KEY WORDS: Ayurveda, drug discovery, mahābhūta, rasa, taste
INTRODUCTION
The Ayurvedic understanding of physiology, pathology and pharmacology is subtle and holistic in nature. Dravyaguṇa, the Ayurvedic science of medicine in its all aspects, uses rasa (taste) of the substance as the primary tool to assess the pharmacological behavior of any substance. There are five concepts of the substance namely rasa (taste), guṇa (properties), vīrya (potency), vipāka (rasa after digestion and metabolism) and prabhāva (specific pharmacological effect), which determine and explain the pharmacological behavior of a substance.[1] These five principles are nothing but manifestations of five mahābhūtas in specific states of activation. Therefore, these principles do indicate the structural and consequent activity of any substance.

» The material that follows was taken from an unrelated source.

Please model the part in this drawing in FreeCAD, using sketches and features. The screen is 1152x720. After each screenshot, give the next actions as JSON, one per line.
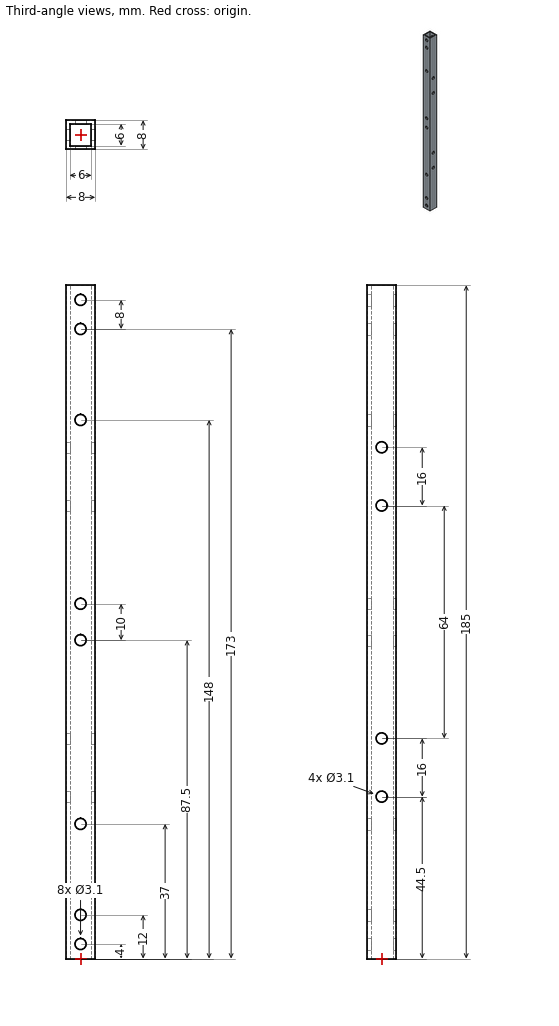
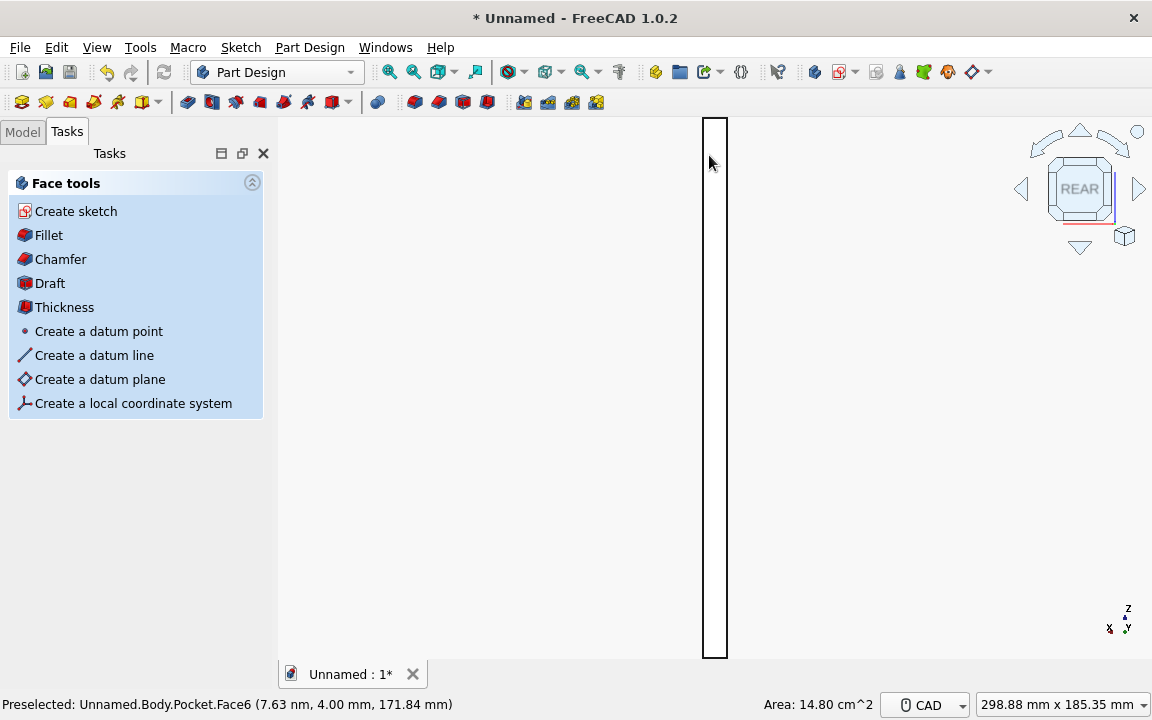
{"action": "left_click", "coordinate": [840, 72]}

In an era when new drug discovery is becoming more challenging, and the cost of conventional processes of new drug discovery is becoming prohibitively high, the current world is looking forward to new methodologies for effective drug discovery. The drug discovery process has come a full circle – from natural products to synthetic products and now back to natural products. The process has moved from galenical to genomical. The initial drug leads were from the natural products and ancient wisdom. Prominent plant derived medicinal compounds like reserpine, quinine, vincristine, vinblastine, pilocarpine, paclitaxel, colchicum, etc., formed a major part of the modern pharmacopeia. But pharmaceutical research took a major leap with advances in synthetic organic chemistry and drug discovery followed predominantly a laboratory to people approach. Gradually, the success rate in drug discovery has gone down making the cost and time involved to be prohibitively high. Therefore, a more specific target based drug discovery is being sought after. The ancient wisdom documented in traditional systems like Ayurveda, Chinese Medicine, etc., are significantly big repositories containing documented knowledge of clinical uses of plants. Therefore, they are now looked upon to provide leads in order to initiate a focused search in drug discovery. Thus, the old has become the new “new.” Reverse pharmacological process is being talked about a lot for an alternate and quicker drug discovery process.[2]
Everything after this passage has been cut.